▶ **Work task**: Give back every record below word for word, with the pictures omitted.

▶ **Data for this task**:

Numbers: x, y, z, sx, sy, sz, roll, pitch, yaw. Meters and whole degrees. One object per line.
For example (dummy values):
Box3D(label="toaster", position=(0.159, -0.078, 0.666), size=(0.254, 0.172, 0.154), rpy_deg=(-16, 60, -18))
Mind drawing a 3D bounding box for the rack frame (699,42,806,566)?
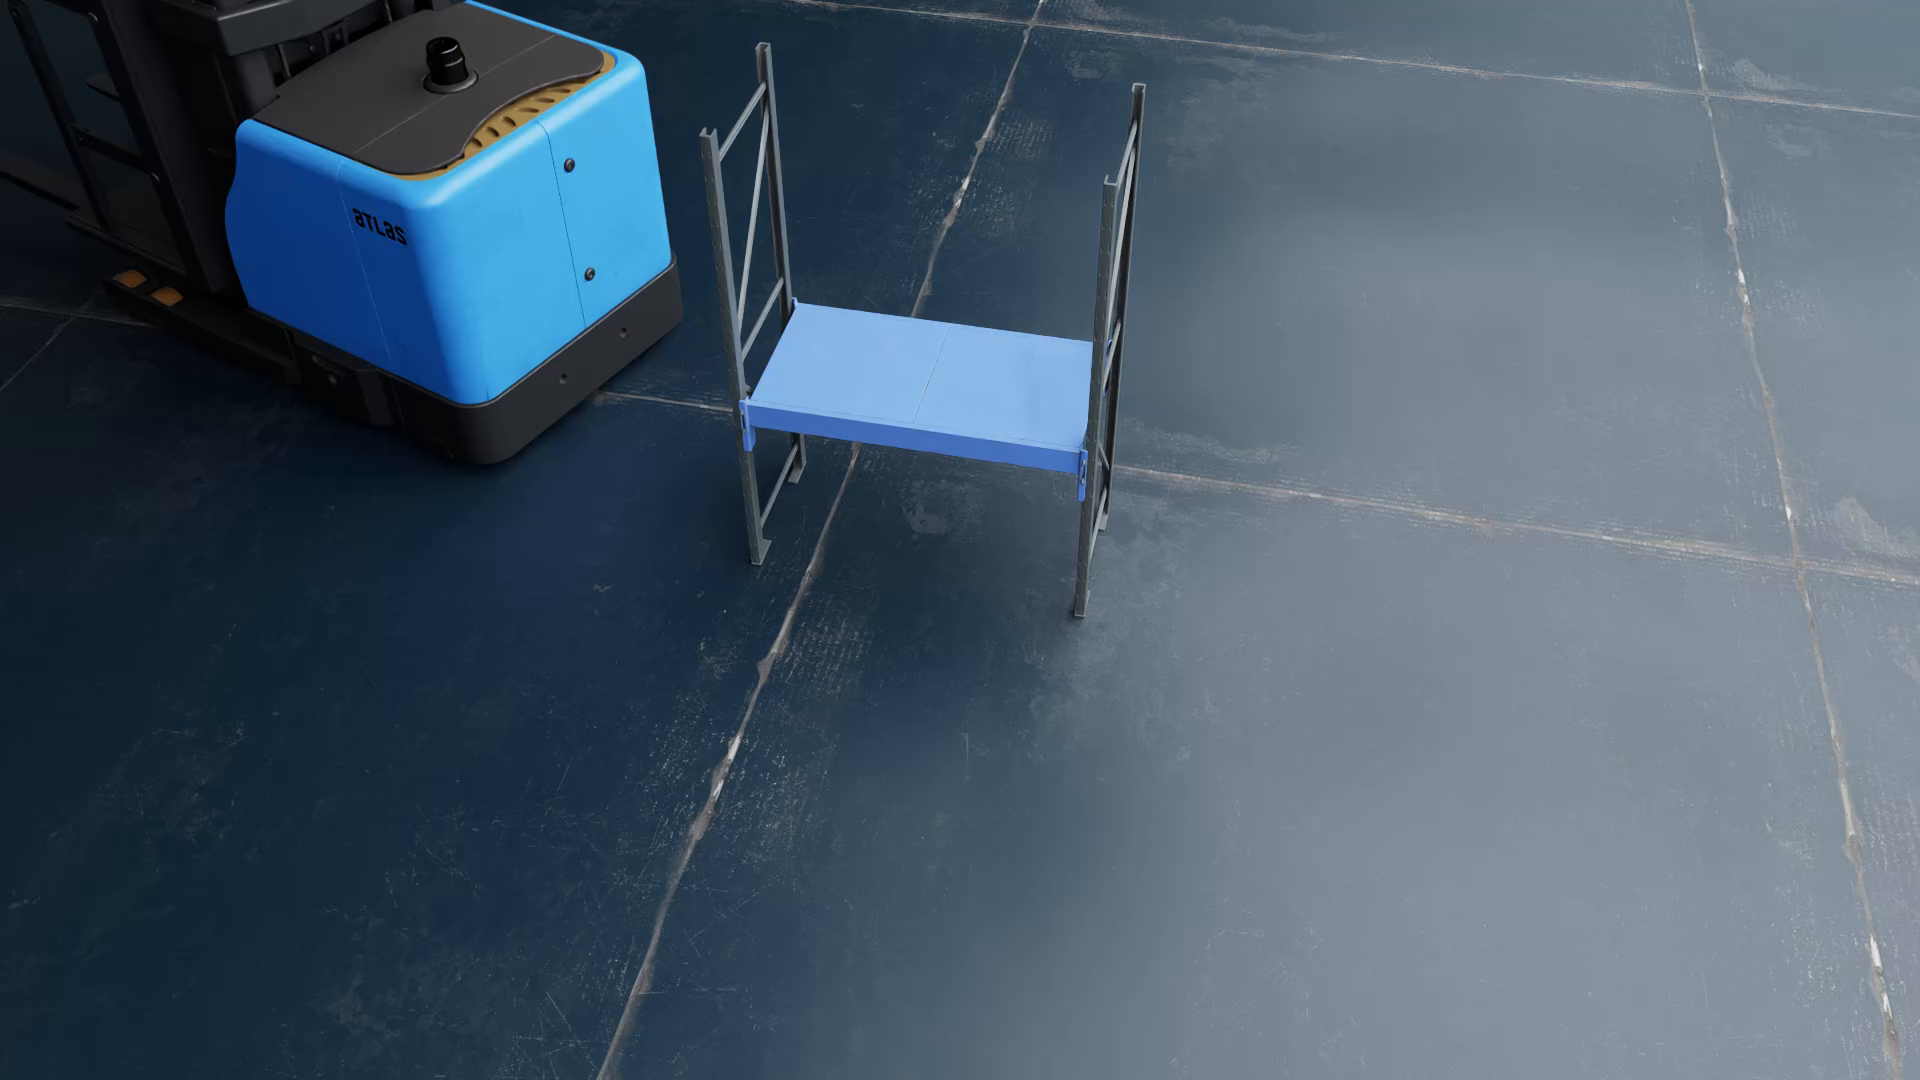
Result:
Box3D(label="rack frame", position=(-0.579, -0.630, 4.823), size=(0.032, 1.500, 0.500), rpy_deg=(9, 45, 9))

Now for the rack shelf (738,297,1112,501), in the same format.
Box3D(label="rack shelf", position=(-0.083, -0.424, 4.868), size=(1.000, 0.185, 0.538), rpy_deg=(9, 45, 9))

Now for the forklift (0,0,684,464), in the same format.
Box3D(label="forklift", position=(-2.514, -2.089, 5.307), size=(3.031, 2.935, 1.130), rpy_deg=(24, 49, 23))

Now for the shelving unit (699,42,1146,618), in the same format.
Box3D(label="shelving unit", position=(-0.083, -0.553, 4.743), size=(1.048, 1.500, 0.538), rpy_deg=(9, 45, 9))

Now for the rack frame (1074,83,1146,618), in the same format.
Box3D(label="rack frame", position=(0.413, -0.476, 4.663), size=(0.032, 1.500, 0.500), rpy_deg=(9, 45, 9))

▶ **Your response**:
Numbers: x, y, z, sx, sy, sz, roll, pitch, yaw. Meters and whole degrees. One object per line.
For example (dummy values):
Box3D(label="toaster", position=(0.159, -0.078, 0.666), size=(0.254, 0.172, 0.154), rpy_deg=(-16, 60, -18))
Mind drawing a 3D bounding box for the rack frame (699,42,806,566)?
Result:
Box3D(label="rack frame", position=(-0.579, -0.630, 4.823), size=(0.032, 1.500, 0.500), rpy_deg=(9, 45, 9))

Now for the rack shelf (738,297,1112,501), in the same format.
Box3D(label="rack shelf", position=(-0.083, -0.424, 4.868), size=(1.000, 0.185, 0.538), rpy_deg=(9, 45, 9))

Now for the forklift (0,0,684,464), in the same format.
Box3D(label="forklift", position=(-2.514, -2.089, 5.307), size=(3.031, 2.935, 1.130), rpy_deg=(24, 49, 23))

Now for the shelving unit (699,42,1146,618), in the same format.
Box3D(label="shelving unit", position=(-0.083, -0.553, 4.743), size=(1.048, 1.500, 0.538), rpy_deg=(9, 45, 9))

Now for the rack frame (1074,83,1146,618), in the same format.
Box3D(label="rack frame", position=(0.413, -0.476, 4.663), size=(0.032, 1.500, 0.500), rpy_deg=(9, 45, 9))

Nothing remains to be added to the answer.